----- ENTRIES PROVIDED -----

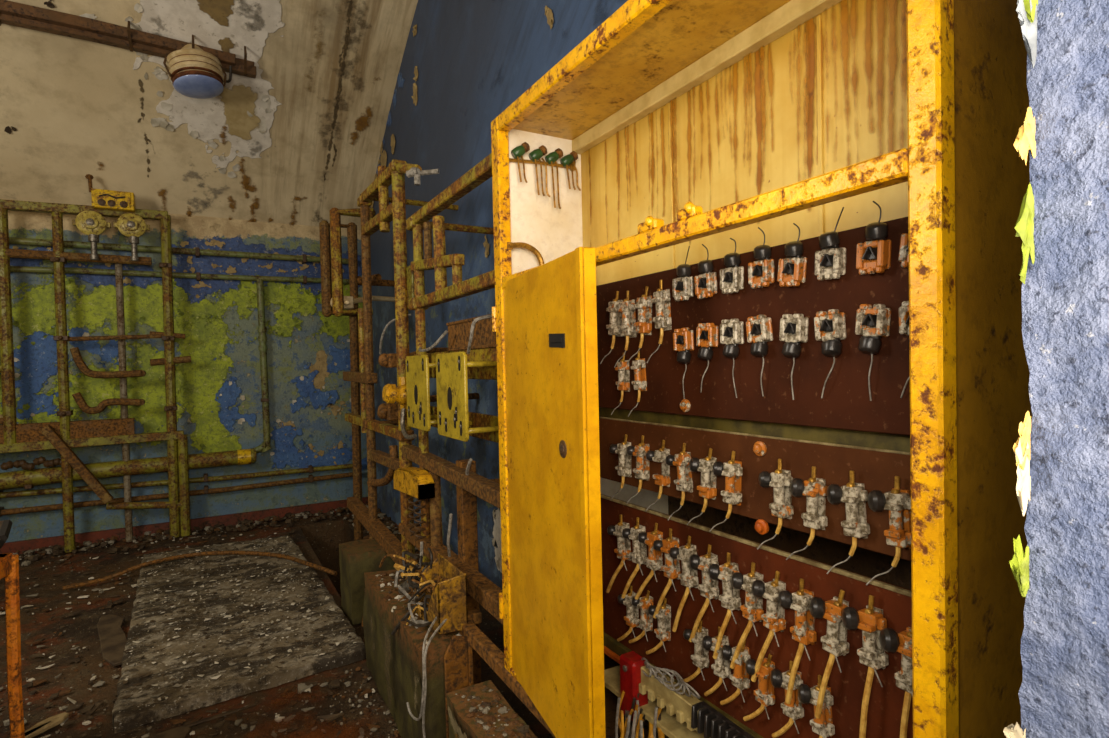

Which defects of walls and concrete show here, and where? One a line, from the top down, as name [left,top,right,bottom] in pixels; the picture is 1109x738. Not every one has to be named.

peeling [545,6,554,29]
peeling [125,0,285,178]
peeling [374,66,418,180]
rust [228,158,259,222]
peeling [9,235,367,475]
peeling [492,508,502,573]
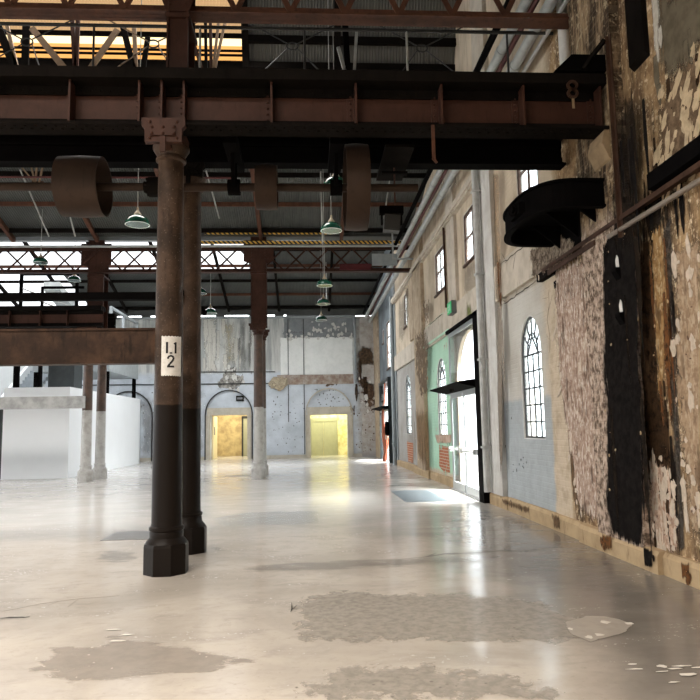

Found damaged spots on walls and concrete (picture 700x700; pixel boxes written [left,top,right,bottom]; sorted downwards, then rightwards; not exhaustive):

peeling [653,42,700,168]
peeling [283,321,353,341]
peeling [357,377,375,416]
peeling [649,234,700,553]

-----

## YOUR OBJECTIVE
Retype nothing except the lines from the line holding "Found damaged spots" through the last line of the entries, both included.

## EXPECTED OUTPUT
Found damaged spots on walls and concrete (picture 700x700; pixel boxes written [left,top,right,bottom]; sorted downwards, then rightwards; not exhaustive):

peeling [653,42,700,168]
peeling [283,321,353,341]
peeling [357,377,375,416]
peeling [649,234,700,553]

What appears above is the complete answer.